__Listed entries__
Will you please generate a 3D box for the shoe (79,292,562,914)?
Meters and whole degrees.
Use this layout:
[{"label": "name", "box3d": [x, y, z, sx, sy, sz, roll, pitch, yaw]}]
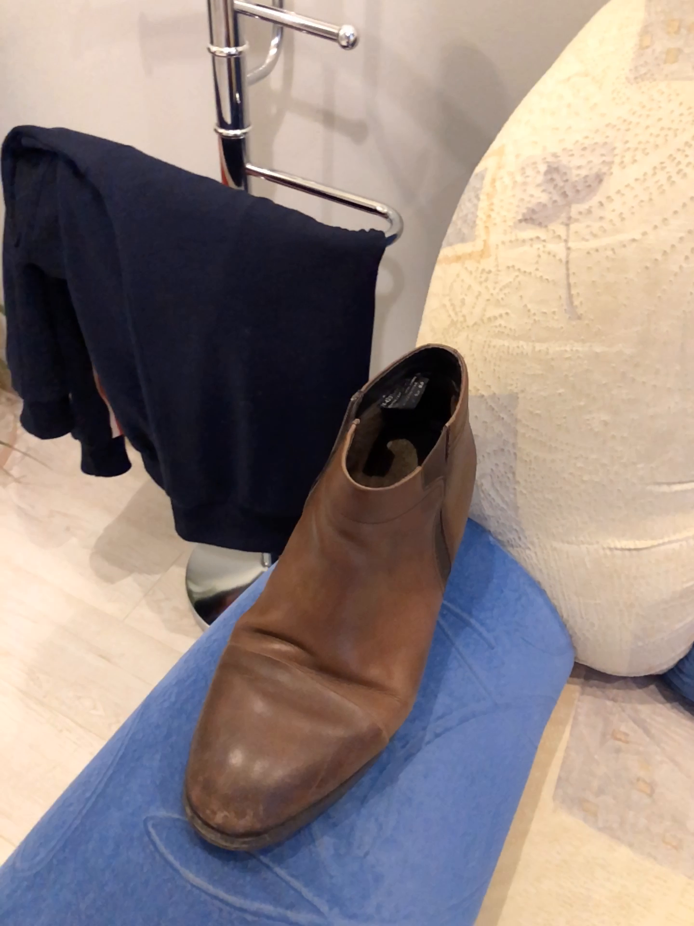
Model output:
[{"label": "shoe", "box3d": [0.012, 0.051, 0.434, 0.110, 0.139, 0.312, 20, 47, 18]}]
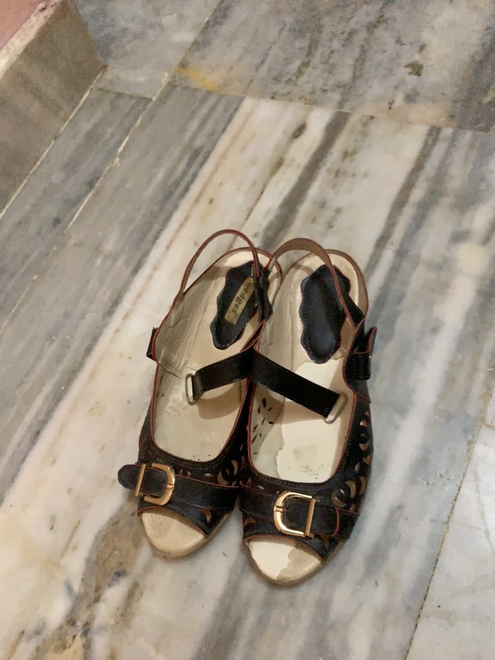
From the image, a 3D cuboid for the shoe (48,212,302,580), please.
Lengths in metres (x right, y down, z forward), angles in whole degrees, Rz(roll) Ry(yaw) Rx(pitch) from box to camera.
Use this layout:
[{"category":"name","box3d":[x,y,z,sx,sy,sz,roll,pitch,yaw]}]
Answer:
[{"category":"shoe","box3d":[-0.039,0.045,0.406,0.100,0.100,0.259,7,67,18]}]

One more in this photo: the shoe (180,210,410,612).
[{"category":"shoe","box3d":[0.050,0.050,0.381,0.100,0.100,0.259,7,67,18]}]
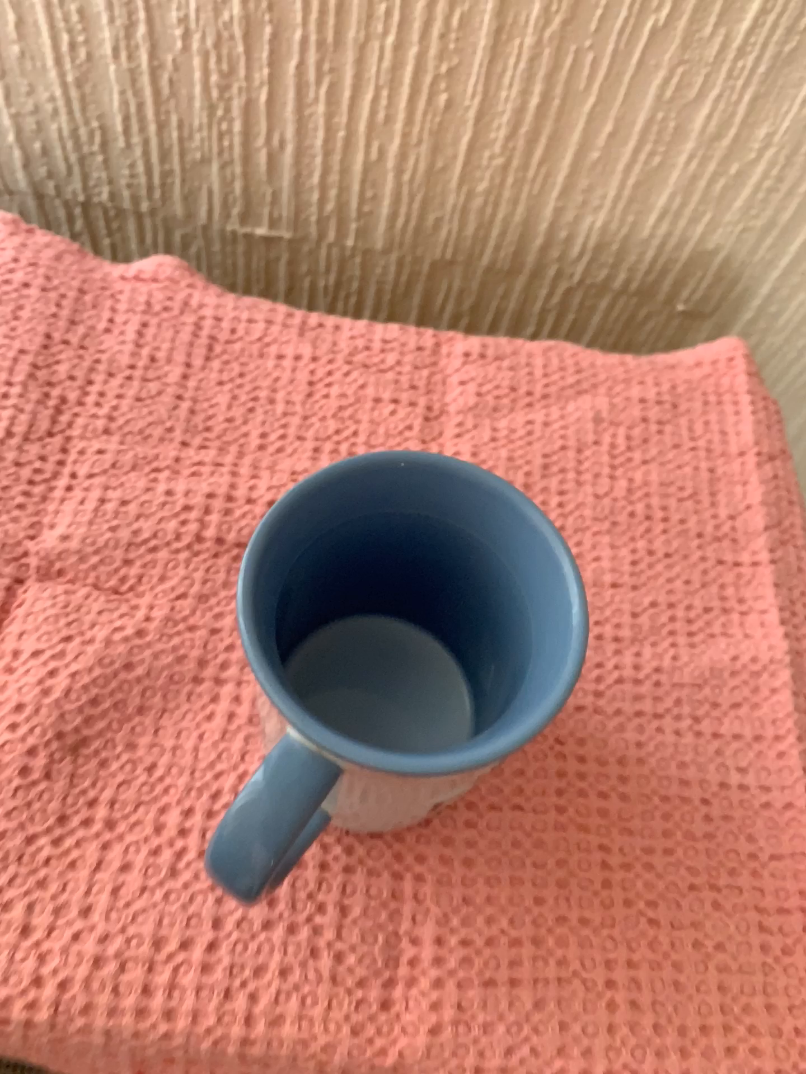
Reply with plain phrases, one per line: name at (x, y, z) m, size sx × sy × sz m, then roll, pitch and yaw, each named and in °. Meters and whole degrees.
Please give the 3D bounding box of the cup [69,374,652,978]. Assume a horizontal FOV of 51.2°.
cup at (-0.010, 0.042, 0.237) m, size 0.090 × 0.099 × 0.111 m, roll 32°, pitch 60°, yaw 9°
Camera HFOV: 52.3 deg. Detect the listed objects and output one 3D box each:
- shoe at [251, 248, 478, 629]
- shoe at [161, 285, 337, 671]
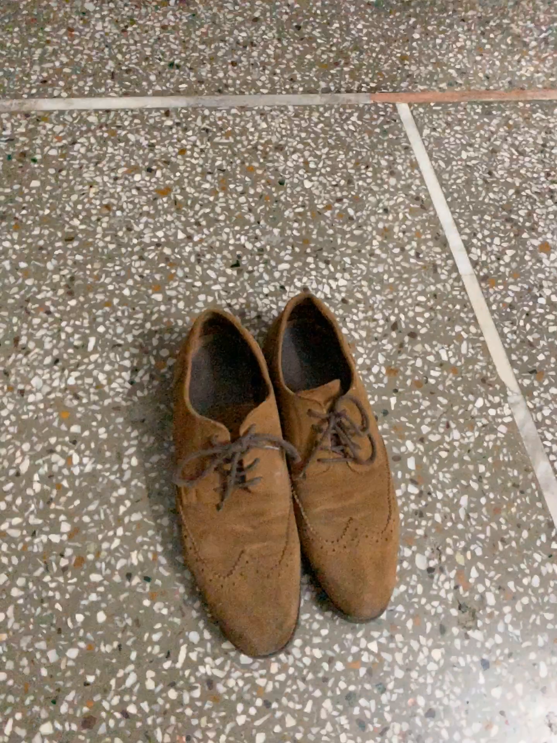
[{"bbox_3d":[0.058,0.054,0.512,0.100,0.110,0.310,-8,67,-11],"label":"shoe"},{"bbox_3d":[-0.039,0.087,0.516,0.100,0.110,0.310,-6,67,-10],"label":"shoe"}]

__Exercise__
Scan the entries above, and wherever a line holds the string "degrees", copy it.

__Written reply__
Meters and whole degrees.
Lengths in metres (x right, y down, z forward), angles in whole degrees, Rz(roll) Ry(yaw) Rx(pitch) from box to camera.
Reply with plain phrases, one per line: name at (x, y, z) m, size sx × sy × sz m, then roll, pitch and yaw, each named and in °. Meters and whole degrees.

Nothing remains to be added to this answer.